Records for processing

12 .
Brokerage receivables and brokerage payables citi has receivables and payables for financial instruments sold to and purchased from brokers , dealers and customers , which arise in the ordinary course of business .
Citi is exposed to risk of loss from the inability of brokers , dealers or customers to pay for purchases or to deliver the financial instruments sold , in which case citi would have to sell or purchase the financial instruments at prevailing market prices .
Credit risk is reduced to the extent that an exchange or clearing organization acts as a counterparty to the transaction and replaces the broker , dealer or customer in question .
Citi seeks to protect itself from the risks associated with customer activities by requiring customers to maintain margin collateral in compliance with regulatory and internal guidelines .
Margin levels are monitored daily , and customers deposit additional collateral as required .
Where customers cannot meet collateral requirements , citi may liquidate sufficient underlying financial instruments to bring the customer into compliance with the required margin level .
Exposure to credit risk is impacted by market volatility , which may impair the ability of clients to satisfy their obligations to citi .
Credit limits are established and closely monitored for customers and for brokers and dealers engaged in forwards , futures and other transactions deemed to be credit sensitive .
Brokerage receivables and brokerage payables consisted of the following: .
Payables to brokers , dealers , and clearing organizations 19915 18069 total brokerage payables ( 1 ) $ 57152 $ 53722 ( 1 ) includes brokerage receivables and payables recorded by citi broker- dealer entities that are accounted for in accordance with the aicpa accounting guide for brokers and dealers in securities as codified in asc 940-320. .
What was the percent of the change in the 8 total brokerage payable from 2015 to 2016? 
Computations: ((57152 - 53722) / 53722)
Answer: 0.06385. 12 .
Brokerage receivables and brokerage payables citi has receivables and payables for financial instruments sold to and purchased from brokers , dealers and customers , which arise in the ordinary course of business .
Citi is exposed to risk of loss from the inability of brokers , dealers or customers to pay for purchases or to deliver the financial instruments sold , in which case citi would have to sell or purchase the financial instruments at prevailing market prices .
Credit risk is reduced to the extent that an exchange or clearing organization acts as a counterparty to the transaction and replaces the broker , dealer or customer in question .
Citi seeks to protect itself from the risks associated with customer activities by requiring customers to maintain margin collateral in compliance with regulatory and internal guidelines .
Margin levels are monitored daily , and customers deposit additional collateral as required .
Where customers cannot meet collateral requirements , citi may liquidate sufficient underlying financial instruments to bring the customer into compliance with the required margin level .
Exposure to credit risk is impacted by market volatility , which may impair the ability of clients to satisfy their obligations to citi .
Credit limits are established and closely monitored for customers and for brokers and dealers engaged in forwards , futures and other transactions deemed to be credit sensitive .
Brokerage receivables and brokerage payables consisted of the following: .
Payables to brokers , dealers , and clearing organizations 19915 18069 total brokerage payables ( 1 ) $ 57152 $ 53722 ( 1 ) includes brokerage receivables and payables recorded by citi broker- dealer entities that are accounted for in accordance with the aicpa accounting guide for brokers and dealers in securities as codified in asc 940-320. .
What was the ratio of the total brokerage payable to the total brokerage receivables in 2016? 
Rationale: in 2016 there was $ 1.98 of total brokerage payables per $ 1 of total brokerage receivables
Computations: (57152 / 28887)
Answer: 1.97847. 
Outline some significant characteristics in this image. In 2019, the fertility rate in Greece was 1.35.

---

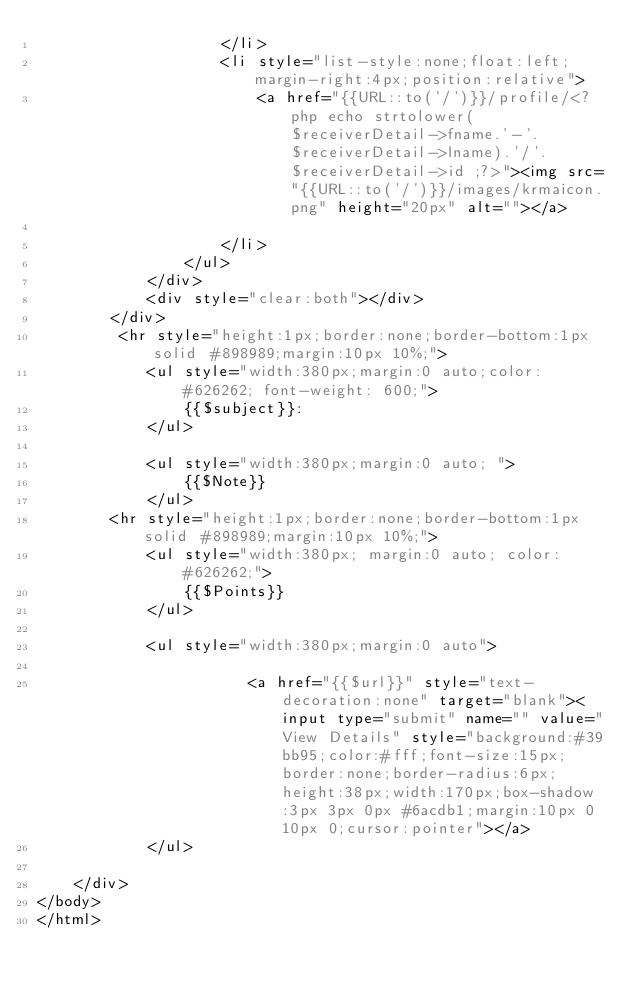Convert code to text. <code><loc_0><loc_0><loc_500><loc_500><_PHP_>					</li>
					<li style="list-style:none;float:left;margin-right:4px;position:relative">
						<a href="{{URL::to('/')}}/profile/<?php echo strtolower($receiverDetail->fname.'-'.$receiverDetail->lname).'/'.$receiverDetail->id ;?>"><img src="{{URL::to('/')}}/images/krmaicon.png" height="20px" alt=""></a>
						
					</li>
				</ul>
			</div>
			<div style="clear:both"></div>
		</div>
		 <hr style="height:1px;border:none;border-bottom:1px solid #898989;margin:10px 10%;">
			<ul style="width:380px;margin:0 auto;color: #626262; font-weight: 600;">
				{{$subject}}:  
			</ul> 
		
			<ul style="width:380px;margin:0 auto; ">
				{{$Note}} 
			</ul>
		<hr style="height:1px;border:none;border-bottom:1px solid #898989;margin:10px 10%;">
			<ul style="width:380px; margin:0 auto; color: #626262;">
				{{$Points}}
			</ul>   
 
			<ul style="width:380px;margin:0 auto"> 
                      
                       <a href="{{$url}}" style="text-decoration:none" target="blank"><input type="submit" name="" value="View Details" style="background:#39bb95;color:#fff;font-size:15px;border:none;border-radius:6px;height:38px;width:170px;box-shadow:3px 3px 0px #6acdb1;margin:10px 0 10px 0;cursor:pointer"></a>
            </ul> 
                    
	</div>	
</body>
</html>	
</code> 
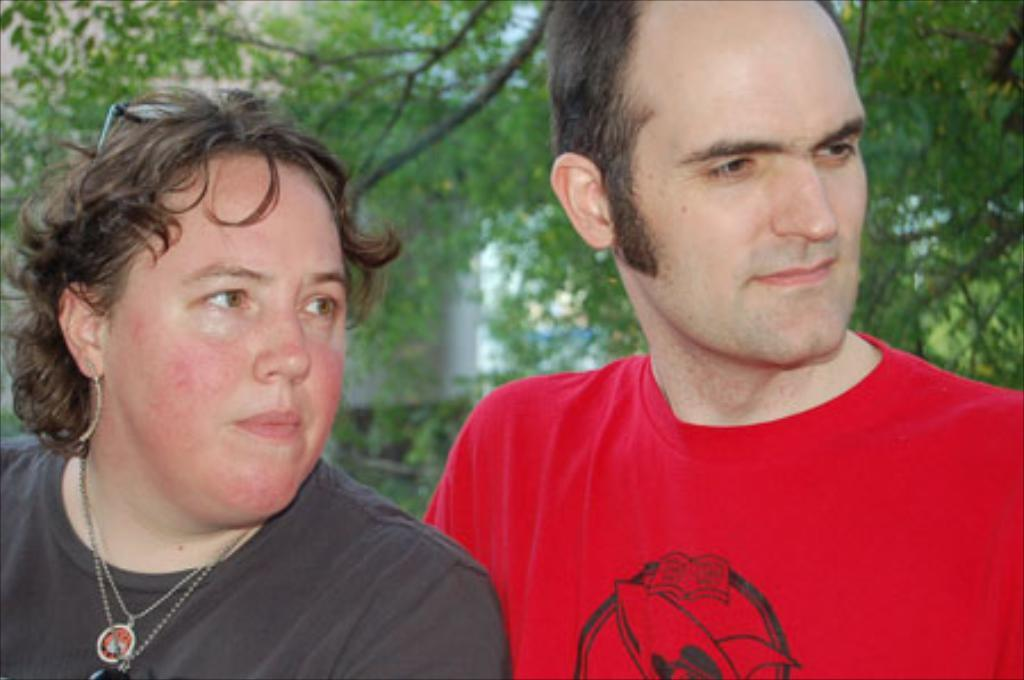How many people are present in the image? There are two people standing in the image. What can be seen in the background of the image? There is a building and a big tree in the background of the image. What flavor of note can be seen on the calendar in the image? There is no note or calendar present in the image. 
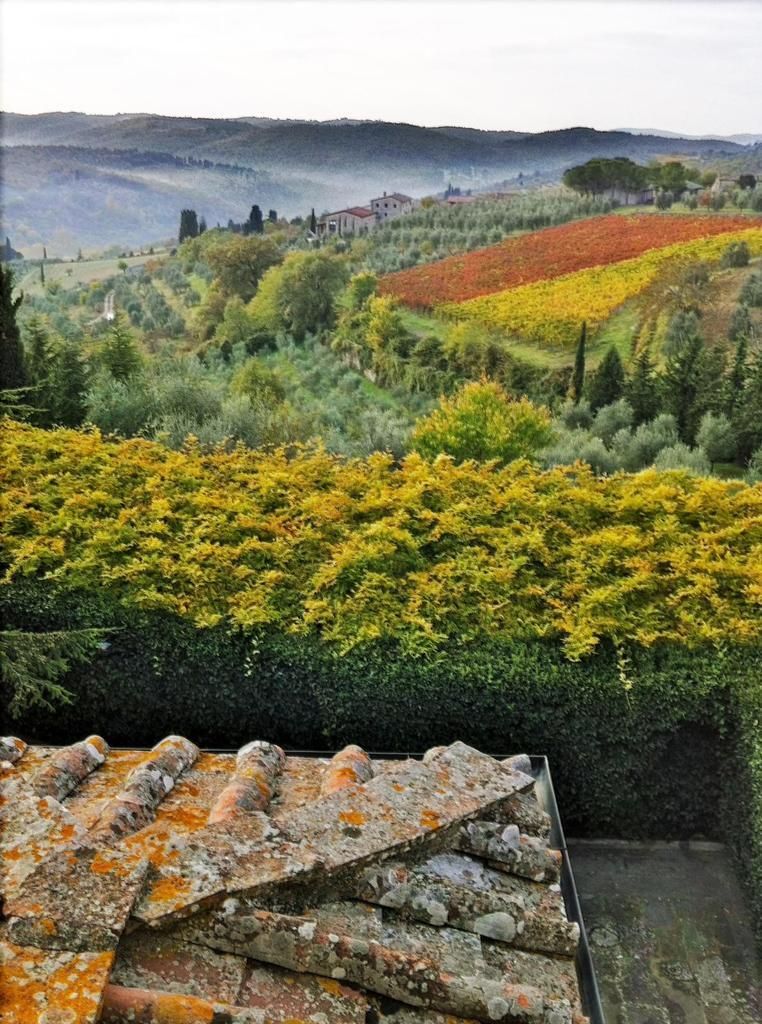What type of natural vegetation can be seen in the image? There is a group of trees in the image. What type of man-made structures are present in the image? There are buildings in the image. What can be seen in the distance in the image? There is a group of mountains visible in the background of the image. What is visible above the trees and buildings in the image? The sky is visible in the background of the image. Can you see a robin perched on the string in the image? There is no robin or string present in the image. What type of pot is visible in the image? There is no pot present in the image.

Work request
The answer should be a single number: the count of lines in the data that include the string "auto".

Expected answer
4